Majidian, S.; Chalco, A.; Zheng, X.; Webby, R. J.; Bowman, A. S.; Poulson, R. L.; Nemeth, N. M.; Sedlazeck, F. J.; Agustinho, D. P.

Phylogenomic surveillance is limited not by sequencing throughput, but by the difficulty of converting heterogeneous raw data into reliable evolutionary inference, particularly for low-titer and contaminated viral field samples. Here we present Omni2Tree, an assembly-free framework that reconstructs viral phylogenies directly from raw sequencing reads and generates easily shareable interactive reports and genome-wide entropy profiles to identify diversification.

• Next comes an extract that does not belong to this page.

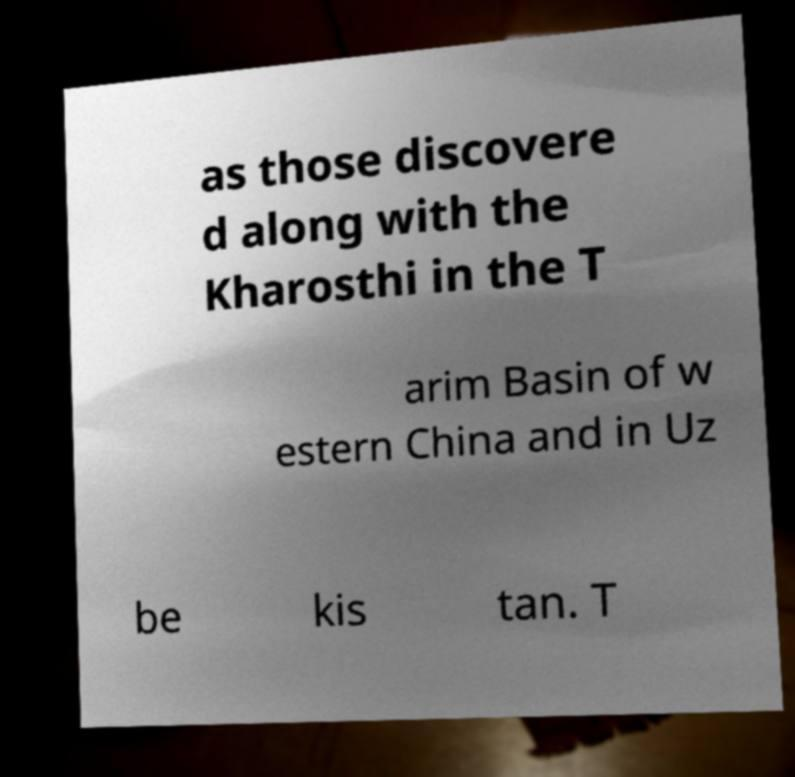Could you extract and type out the text from this image? as those discovere d along with the Kharosthi in the T arim Basin of w estern China and in Uz be kis tan. T

In H5N1 benchmark analyses, Omni2Tree maintained accurate placement and topological stability even under low coverage, unlike assembly or reference based methods. Omni2Tree generated an annotated phylogeny for 64-sample H5N1 field surveillance dataset from the eastern USA in under 3 hours. Omni2Tree recovered known phylogenetic structure and key variability insights across 1,328 hepatitis C virus and 707 human cytomegalovirus datasets, and resolved co-infecting respiratory viruses in clinical metagenomic samples. By enabling direct analysis from raw reads, Omni2Tree supports faster, more portable, and more decentralized phylogenomic surveillance across outbreak, clinical, and resource-limited settings.